Aquaponics is the practice of growing plants in water instead of soil, while fish also live in that same water. The basic idea is that the waste from the fish feed the plants their essential nutrients, while the plants purify the water for the fish.
One of the considerations you need to make when setting up an aquaponic farm is what kind of fish for aquaponics to use. There are a lot of fish that are well-suited to aquaponics, such as goldfish, tilapia, and koi. Here we explore the bluegill, and see why bluegill aquaponics is such a natural choice to make.
Bluegills are one of the most popular types of fish to grow in an aquaponics system. They are small freshwater fish that measure approximately 5 - 12 inches, and weigh around 1 lb. They have an oval shape, and are usually a dark green color, with darker vertical stripes.
Bluegills like to live in shallow waters, surrounded by plenty of vegetation and hiding places such as logs. This makes bluegills one of the best fish to raise in a aquaponics system - their natural habitat is markedly similar to that of the aquaponic set up. Moreover, bluegills are known to be quite sturdy, and can peacefully coexist with other fish, such as largemouth bass, catfish, and goldfish - both of which are also popular choices for aquaponic systems.
Feeding times tend to cluster around dawn and dusk. Bluegill in aquaponic settings will need to be fed by the farmer. Depending on how much time and money you want to invest in your aquaponics system, you can buy ready-made fish food or you can construct your own diet for them. Omnivorous fish do not require a lot of protein - aim for it to comprise about 30% of their diet.
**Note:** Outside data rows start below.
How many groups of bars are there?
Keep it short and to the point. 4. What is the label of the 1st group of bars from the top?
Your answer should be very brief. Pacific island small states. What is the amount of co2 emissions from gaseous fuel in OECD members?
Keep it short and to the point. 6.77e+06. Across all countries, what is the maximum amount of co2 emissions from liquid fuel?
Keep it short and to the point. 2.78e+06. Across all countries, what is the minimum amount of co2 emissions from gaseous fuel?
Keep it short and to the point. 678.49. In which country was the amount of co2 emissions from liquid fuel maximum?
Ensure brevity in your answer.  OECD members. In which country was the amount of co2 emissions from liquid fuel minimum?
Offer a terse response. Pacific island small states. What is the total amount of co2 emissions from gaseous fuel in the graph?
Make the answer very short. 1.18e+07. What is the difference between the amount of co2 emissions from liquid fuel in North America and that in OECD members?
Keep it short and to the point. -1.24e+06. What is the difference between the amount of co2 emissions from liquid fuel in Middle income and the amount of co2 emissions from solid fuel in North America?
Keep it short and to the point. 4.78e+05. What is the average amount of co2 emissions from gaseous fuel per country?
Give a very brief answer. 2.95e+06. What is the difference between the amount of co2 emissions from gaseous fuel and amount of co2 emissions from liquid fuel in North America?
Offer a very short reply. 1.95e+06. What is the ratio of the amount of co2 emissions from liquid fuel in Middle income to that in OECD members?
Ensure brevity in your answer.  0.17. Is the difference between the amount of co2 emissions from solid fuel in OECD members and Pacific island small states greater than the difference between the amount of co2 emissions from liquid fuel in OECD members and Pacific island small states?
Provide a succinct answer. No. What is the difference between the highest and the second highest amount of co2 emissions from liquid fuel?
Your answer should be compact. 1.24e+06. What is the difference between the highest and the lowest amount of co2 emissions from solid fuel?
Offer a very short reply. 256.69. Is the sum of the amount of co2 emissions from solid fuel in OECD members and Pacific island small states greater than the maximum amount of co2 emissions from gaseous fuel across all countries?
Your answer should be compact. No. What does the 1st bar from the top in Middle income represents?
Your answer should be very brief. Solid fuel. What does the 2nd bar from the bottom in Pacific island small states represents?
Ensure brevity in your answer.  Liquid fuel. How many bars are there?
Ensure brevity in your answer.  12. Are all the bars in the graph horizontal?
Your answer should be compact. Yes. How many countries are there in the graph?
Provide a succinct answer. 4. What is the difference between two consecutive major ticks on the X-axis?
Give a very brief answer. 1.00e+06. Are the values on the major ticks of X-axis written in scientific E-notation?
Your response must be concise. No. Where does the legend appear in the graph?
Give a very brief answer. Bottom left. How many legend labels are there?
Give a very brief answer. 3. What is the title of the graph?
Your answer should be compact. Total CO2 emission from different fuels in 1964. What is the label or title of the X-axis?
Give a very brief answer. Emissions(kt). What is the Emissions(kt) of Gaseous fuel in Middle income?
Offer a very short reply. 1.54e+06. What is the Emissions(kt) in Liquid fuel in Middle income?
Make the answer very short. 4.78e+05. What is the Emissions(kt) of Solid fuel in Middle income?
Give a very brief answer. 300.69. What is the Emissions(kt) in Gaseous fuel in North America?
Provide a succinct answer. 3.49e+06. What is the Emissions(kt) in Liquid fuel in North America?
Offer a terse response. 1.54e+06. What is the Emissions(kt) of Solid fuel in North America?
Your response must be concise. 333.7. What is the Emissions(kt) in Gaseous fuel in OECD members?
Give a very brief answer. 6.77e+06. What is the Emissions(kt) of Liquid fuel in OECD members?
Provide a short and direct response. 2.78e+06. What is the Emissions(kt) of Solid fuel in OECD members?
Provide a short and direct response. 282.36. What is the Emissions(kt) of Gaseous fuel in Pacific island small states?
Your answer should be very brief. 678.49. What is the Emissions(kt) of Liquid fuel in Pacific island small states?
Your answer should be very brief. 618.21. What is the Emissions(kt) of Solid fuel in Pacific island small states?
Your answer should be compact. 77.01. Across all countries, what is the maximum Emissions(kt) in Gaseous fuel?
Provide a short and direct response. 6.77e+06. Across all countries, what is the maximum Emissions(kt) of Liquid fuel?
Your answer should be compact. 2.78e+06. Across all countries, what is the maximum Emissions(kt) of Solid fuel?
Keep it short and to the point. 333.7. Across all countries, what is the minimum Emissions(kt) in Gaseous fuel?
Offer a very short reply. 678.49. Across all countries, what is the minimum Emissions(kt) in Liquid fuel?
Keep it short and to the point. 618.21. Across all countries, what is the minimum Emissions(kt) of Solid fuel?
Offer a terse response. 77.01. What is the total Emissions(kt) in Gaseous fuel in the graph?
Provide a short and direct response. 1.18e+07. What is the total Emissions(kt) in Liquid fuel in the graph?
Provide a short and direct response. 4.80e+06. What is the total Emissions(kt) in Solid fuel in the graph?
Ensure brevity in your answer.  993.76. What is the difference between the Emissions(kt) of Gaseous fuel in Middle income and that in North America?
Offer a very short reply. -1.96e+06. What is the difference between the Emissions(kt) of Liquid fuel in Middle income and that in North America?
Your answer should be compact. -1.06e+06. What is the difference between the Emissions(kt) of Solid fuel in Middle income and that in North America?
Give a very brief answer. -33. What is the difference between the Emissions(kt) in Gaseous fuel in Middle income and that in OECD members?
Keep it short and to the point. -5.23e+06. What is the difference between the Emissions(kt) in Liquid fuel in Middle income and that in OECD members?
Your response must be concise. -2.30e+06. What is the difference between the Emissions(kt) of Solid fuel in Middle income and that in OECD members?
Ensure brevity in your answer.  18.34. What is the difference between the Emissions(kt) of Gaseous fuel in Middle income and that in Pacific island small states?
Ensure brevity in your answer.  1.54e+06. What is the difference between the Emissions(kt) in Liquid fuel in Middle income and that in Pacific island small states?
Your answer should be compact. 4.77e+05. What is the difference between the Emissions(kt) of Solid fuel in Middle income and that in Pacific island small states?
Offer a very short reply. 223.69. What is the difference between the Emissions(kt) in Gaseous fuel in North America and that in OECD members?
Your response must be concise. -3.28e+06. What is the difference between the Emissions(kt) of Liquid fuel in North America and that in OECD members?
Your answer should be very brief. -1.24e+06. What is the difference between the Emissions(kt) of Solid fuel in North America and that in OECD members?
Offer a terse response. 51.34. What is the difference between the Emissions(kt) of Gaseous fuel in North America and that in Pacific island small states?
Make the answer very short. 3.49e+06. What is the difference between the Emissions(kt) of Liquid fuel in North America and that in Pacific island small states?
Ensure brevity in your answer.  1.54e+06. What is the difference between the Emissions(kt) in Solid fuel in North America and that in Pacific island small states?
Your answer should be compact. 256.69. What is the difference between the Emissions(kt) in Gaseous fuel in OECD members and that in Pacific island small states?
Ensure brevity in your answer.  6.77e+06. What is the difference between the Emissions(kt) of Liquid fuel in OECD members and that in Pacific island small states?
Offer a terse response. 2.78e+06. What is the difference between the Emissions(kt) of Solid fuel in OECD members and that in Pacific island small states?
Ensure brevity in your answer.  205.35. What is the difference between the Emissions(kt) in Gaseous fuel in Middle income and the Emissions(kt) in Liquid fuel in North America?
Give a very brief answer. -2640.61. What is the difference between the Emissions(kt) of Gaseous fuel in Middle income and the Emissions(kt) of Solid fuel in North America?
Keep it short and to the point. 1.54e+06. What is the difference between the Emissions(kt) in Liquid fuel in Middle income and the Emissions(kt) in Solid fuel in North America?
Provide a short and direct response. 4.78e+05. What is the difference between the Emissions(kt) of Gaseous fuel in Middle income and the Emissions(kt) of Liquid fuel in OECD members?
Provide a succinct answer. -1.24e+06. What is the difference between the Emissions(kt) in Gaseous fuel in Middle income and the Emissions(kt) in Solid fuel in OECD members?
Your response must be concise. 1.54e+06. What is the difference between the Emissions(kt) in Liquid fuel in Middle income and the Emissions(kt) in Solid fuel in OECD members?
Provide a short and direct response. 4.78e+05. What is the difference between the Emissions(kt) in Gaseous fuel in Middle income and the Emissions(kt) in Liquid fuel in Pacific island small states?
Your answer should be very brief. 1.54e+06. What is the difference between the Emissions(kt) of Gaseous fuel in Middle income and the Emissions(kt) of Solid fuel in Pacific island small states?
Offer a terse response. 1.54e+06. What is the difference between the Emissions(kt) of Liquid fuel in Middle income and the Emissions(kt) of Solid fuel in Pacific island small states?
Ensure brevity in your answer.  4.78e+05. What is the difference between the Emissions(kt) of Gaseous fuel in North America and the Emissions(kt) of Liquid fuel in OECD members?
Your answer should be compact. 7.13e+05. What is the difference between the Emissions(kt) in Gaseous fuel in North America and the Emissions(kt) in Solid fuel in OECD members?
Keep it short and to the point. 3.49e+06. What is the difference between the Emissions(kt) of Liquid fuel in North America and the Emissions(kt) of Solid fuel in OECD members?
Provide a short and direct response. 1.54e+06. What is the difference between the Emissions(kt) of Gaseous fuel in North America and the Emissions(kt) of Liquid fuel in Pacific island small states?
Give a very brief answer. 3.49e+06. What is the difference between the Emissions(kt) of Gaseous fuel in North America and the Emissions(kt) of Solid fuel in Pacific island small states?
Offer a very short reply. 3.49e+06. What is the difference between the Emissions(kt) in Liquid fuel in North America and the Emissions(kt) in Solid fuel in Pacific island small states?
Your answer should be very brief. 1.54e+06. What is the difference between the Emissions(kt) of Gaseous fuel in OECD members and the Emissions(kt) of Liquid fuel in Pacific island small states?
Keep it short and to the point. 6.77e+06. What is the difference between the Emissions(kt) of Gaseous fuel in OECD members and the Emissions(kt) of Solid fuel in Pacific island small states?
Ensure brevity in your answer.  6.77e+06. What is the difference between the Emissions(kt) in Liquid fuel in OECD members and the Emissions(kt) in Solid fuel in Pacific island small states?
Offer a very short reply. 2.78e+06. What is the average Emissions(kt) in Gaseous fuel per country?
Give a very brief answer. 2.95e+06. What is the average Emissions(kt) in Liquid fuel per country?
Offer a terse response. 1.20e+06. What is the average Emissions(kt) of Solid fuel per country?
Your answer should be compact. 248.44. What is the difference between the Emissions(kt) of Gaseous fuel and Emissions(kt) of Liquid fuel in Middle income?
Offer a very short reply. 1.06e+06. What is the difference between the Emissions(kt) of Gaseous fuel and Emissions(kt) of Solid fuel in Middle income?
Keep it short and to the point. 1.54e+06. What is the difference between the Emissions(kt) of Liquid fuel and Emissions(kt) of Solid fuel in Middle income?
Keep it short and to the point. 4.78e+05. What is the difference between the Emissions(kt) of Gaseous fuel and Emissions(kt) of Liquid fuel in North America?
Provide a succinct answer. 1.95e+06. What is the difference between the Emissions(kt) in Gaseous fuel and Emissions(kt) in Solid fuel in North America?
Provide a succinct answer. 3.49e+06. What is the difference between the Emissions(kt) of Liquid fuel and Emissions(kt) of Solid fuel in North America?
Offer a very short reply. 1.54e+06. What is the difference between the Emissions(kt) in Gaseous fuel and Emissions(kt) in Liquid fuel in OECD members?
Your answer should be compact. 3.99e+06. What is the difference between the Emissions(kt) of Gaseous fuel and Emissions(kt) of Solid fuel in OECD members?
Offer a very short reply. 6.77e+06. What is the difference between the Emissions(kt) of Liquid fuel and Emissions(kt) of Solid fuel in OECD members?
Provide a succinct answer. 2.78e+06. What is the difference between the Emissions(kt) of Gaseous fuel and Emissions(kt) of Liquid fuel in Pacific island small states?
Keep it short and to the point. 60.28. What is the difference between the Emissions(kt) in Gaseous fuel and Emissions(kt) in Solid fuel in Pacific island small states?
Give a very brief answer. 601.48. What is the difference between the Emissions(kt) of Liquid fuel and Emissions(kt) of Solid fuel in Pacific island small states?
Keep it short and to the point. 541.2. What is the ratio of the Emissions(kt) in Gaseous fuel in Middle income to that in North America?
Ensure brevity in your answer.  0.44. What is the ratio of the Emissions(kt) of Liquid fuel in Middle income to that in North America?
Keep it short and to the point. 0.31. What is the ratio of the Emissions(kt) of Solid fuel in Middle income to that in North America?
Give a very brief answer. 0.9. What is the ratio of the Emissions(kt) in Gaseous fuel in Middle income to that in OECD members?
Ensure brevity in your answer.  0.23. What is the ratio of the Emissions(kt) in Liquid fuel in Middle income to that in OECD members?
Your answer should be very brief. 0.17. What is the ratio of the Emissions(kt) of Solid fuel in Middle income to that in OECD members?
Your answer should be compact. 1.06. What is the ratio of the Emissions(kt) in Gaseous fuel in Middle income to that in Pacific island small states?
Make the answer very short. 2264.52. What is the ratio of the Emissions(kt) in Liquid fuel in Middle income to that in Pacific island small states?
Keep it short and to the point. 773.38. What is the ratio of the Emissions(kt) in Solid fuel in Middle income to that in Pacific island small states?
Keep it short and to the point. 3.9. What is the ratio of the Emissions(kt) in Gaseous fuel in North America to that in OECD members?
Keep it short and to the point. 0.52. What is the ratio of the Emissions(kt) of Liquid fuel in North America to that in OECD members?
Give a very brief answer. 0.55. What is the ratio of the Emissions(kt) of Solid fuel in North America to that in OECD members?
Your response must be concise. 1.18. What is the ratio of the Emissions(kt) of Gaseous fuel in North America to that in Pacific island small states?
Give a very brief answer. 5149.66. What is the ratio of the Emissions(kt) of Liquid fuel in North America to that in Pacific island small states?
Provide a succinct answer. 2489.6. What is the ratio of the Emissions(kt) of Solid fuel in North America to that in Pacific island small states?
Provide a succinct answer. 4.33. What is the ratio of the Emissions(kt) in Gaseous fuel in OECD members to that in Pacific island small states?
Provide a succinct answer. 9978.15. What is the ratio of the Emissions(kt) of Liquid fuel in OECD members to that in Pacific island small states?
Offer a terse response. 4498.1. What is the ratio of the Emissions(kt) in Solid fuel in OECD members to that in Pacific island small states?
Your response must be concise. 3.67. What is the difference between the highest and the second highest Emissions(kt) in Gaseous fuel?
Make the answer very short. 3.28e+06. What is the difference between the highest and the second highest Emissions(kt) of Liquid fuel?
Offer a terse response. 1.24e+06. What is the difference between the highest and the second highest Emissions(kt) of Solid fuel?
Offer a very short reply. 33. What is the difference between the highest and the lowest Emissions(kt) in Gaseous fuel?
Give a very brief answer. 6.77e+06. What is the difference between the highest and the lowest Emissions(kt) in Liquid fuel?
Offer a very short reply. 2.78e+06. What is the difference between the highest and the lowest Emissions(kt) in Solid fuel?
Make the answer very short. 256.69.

In an aquaponics system, food can be sprinkled into the fish tank a few times a day, and the bluegill should be allowed to feed as much as they'd like in a 10 second time frame. After 10 seconds, scoop up the remaining food and remove it from the tank.
Having the right temperature for bluegill aquaponics is not a problem since they do best in cold water, but can also survive just fine in warm water, as long as the temperature doesn't rise too much. 18 to 26 degrees Celsius seems to be the optimal range.
Temperature affects oxygen levels in the tank - a higher temperature means lower oxygen saturation. Bluegill fish need high oxygen saturation levels to thrive, so it is worth taking extra care in the summer to ensure the temperature remains stable and doesn't rise to adversely affect their wellbeing. Similarly, the pH remains above 6 for optimal bluegill health.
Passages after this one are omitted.